The Occupy Wall Street protests that started in New York have proved contagious. Sit-ins and attempted occupations have spread to other major American cities including Chicago, Boston, Seattle, and Atlanta, as well as across the Atlantic to Europe, and to Hong Kong and other Asian cities, along with parts of Africa and Latin America.

On Saturday there were more internationally coordinated protests. Julian Assange addressed the crowd in London, while parts of Rome were trashed and scores of people injured in rioting after hundreds of thousands of marchers turned out. Sizable gatherings took place in many other European cities.

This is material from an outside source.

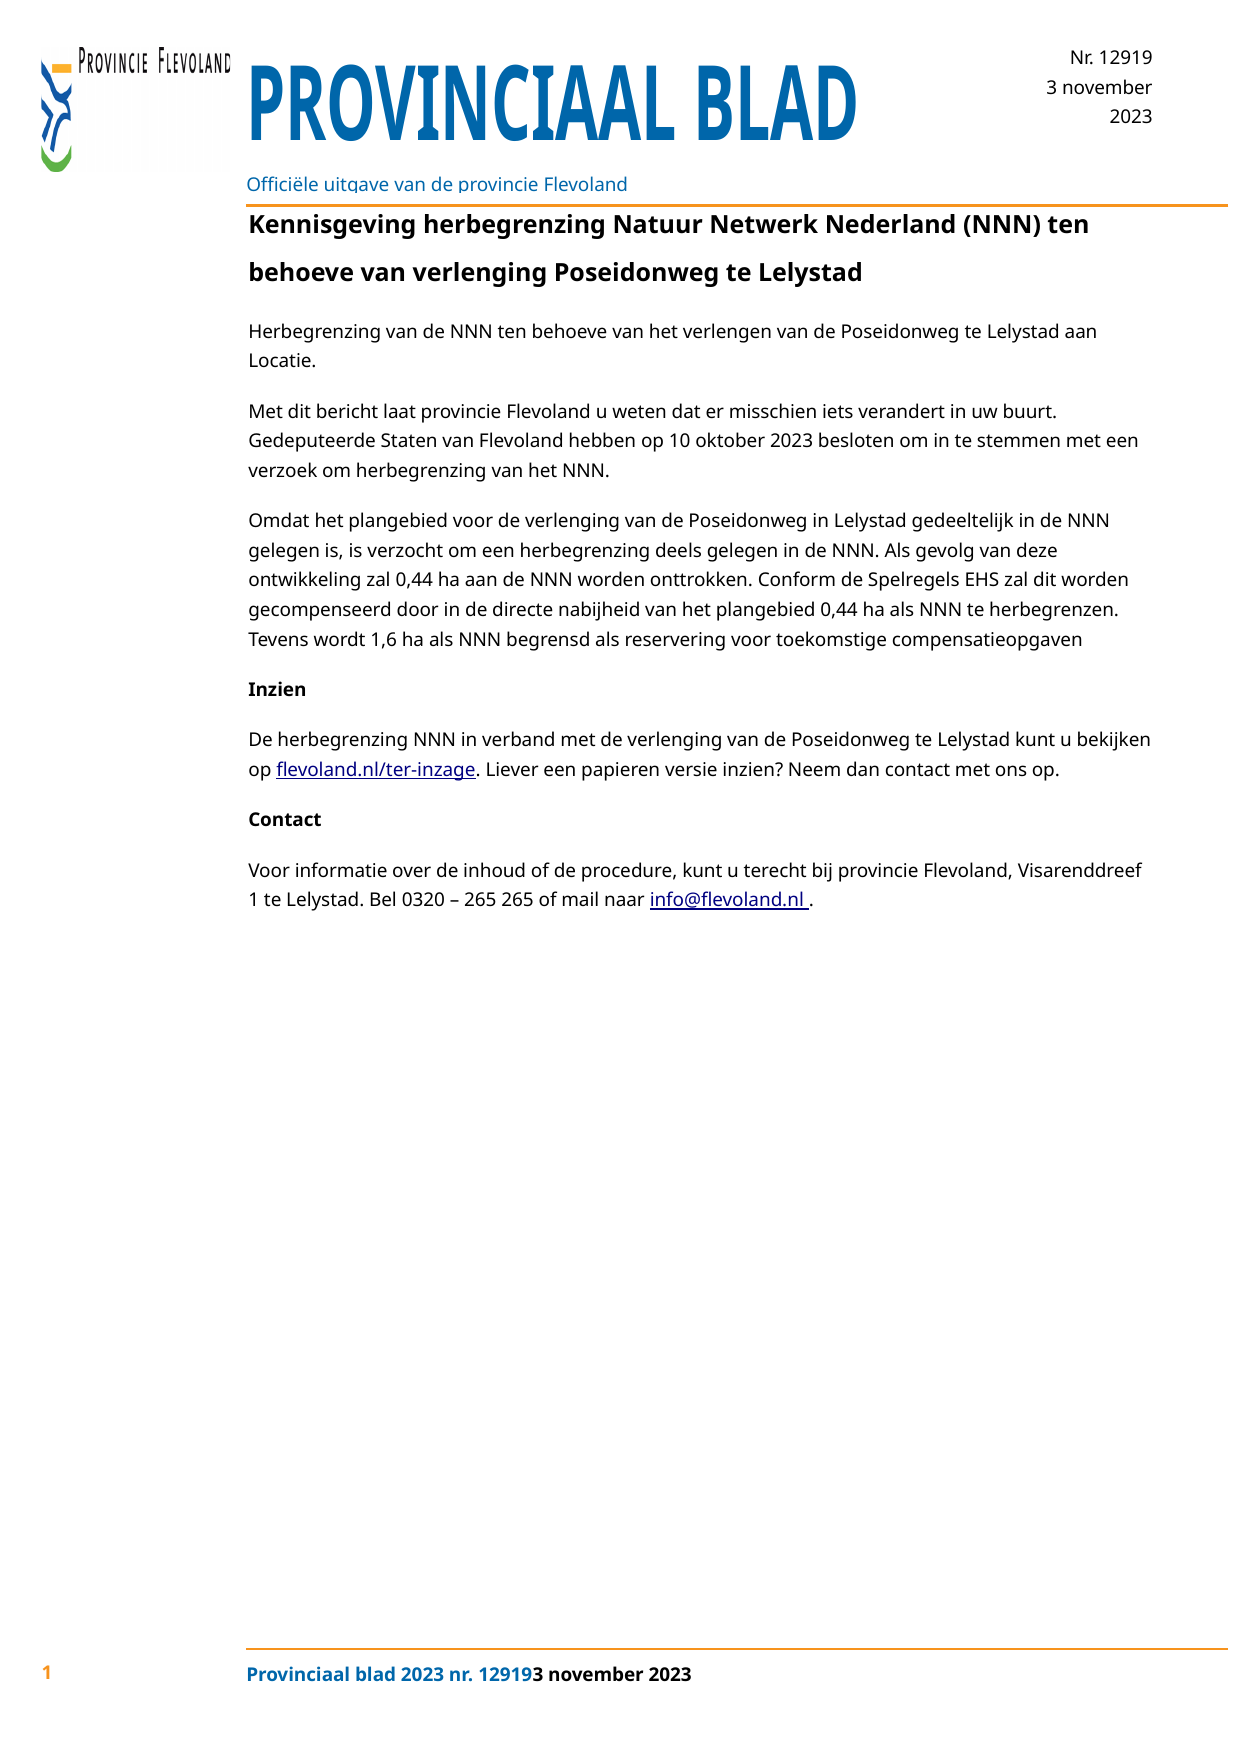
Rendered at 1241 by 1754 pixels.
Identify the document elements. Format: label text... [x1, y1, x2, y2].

The ‘Occupy’ phenomenon was almost business as usual in countries including Spain, Greece, and Chile, where protests and dissent have long been raging against high unemployment and government austerity measures.

In a very modest manner, the revolt has even spread to Australia, despite what Donald Horne ironically dubbed the ‘Lucky Country’ having an unemployment rate almost half that of the US and a quarter Spain’s. Melbourne’s City Square and Sydney’s Martin Place have hosted small numbers of ‘occupiers’ over the last few days.

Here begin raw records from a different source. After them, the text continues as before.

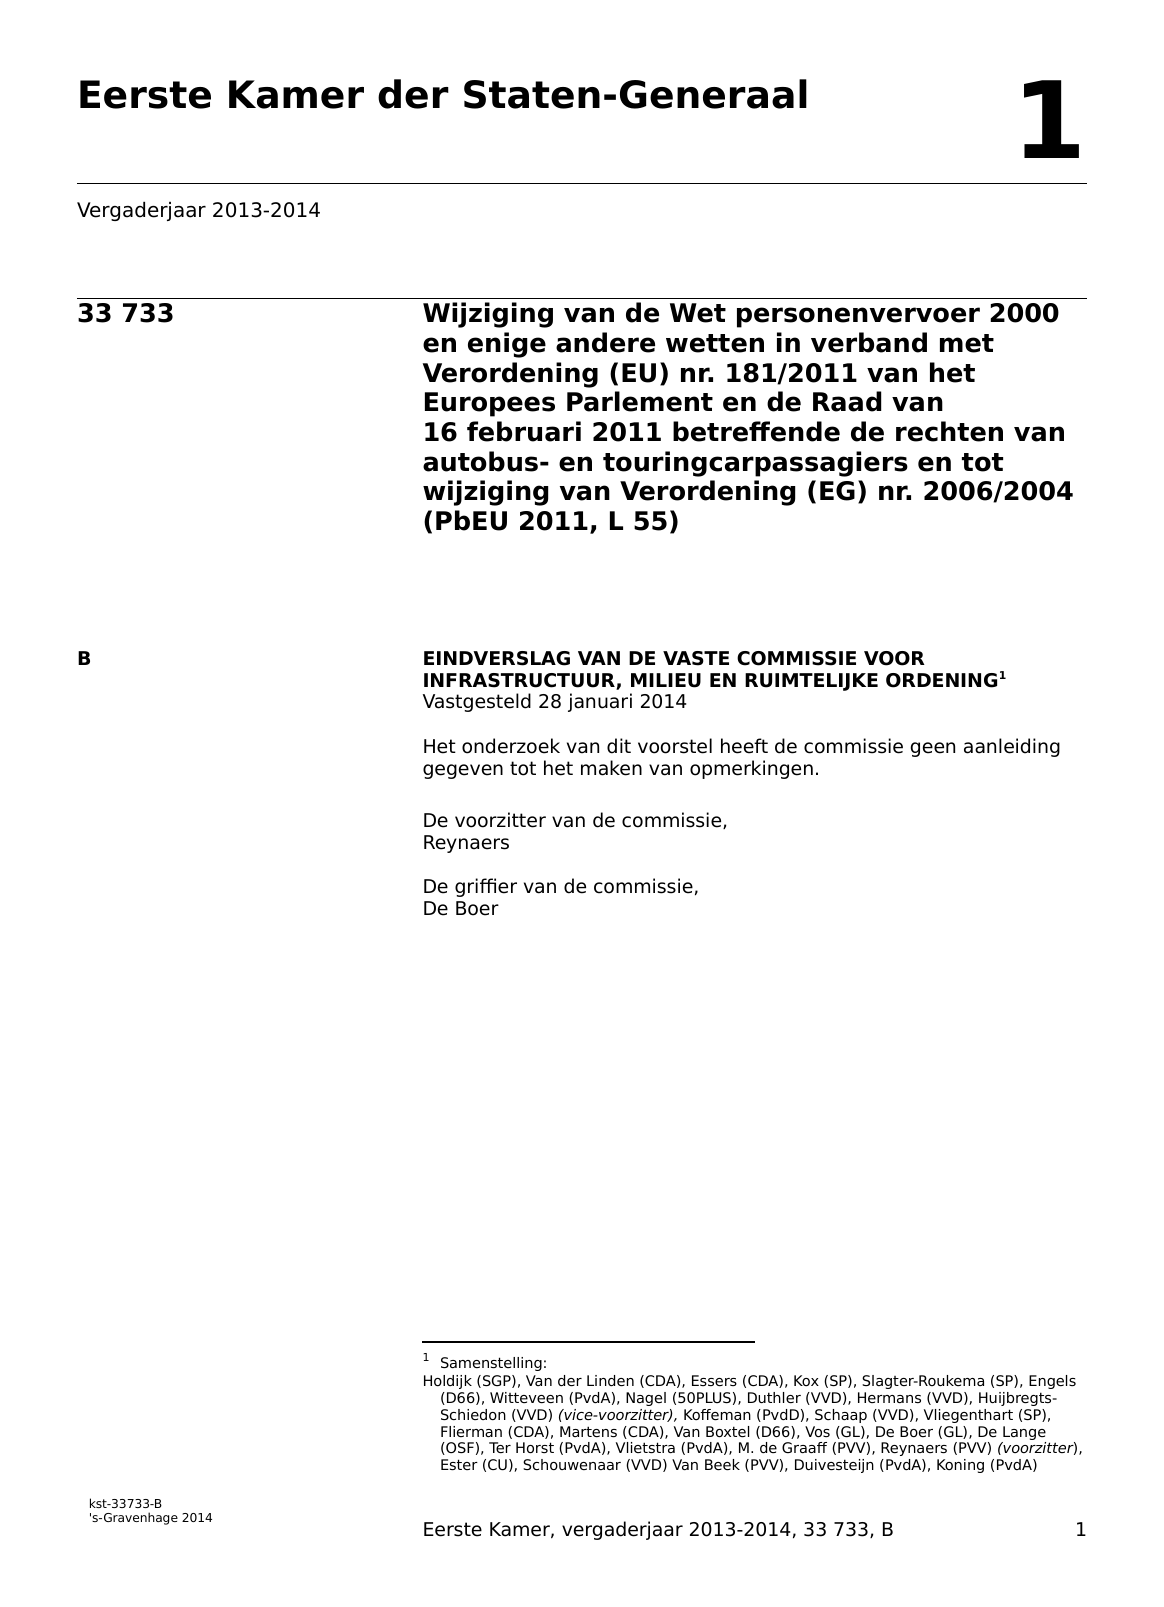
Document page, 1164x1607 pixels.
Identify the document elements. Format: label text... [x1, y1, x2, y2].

text 's-Gravenhage 2014 [88, 1511, 323, 1525]
table_cell Vergaderjaar 2013-2014 [77, 184, 1087, 298]
table_header 1 [886, 59, 1087, 183]
text Samenstelling: [422, 1351, 1087, 1373]
text Vastgesteld 28 januari 2014 [422, 691, 1087, 713]
text kst-33733-B [88, 1497, 323, 1511]
text Holdijk (SGP), Van der Linden (CDA), Essers (CDA), Kox (SP), Slagter-Roukema (SP), Engels (D66), Witteveen (PvdA), Nagel (50PLUS), Duthler (VVD), Hermans (VVD), Huijbregts-Schiedon (VVD) (vice-voorzitter), Koffeman (PvdD), Schaap (VVD), Vliegenthart (SP), Flierman (CDA), Martens (CDA), Van Boxtel (D66), Vos (GL), De Boer (GL), De Lange (OSF), Ter Horst (PvdA), Vlietstra (PvdA), M. de Graaff (PVV), Reynaers (PVV) (voorzitter), Ester (CU), Schouwenaar (VVD) Van Beek (PVV), Duivesteijn (PvdA), Koning (PvdA) [422, 1373, 1087, 1474]
text Het onderzoek van dit voorstel heeft de commissie geen aanleiding gegeven tot het maken van opmerkingen. [422, 736, 1087, 779]
subtitle 33 733 Wijziging van de Wet personenvervoer 2000 en enige andere wetten in verband met Verordening (EU) nr. 181/2011 van het Europees Parlement en de Raad van 16 februari 2011 betreffende de rechten van autobus- en touringcarpassagiers en tot wijziging van Verordening (EG) nr. 2006/2004 (PbEU 2011, L 55) [77, 299, 1087, 536]
text De voorzitter van de commissie, Reynaers [422, 809, 1087, 853]
text De griffier van de commissie, De Boer [422, 876, 1087, 920]
table_header Eerste Kamer der Staten-Generaal [77, 59, 886, 183]
subtitle B EINDVERSLAG VAN DE VASTE COMMISSIE VOOR INFRASTRUCTUUR, MILIEU EN RUIMTELIJKE ORDENING [77, 647, 1087, 691]

The Conversation asked a range of academics for their views on the protests. More will be added as they arrive.

A fundamental complaint in the face of austerity measures. Flickr/David_Shankbone

Murray Bessette, Assistant Professor of Government, School of Public Affairs, Morehead State University

Ever since the Tea Parties began in early 2009, liberals in America have been hoping for a similar political awakening on the left. The advent of the Occupy Wall Street Protests little more than a month ago in New York City, and their subsequent spread to several other cities in the United States, is seen by many as such a movement.

To a certain extent this understanding is accurate.

The Parties and Protests alike consist of individuals dissatisfied with the political status quo and with the failure of political elites not only to address their concerns, but also to formulate public policy in light of them. Both movements, moreover, are fundamentally populist, and have found themselves subject to efforts to guide them, to influence them, even to take them over by the very elites (the Republican Party on the one hand, the Democratic Party and their union allies on the other) who have failed to deliver to date. The one point of genuine agreement worthy of note is the common opposition to the current system of crony capitalism characterized by bailouts and subsidies for the politically connected.

It is not without reason, then, that liberals in America are hopeful that the Occupy crowd can energize and invigorate the left-leaning part of the electorate for the 2012 elections, just as the Tea Partiers did for the right-leaning electorate in 2010.

These hopes, however, will likely go unfulfilled.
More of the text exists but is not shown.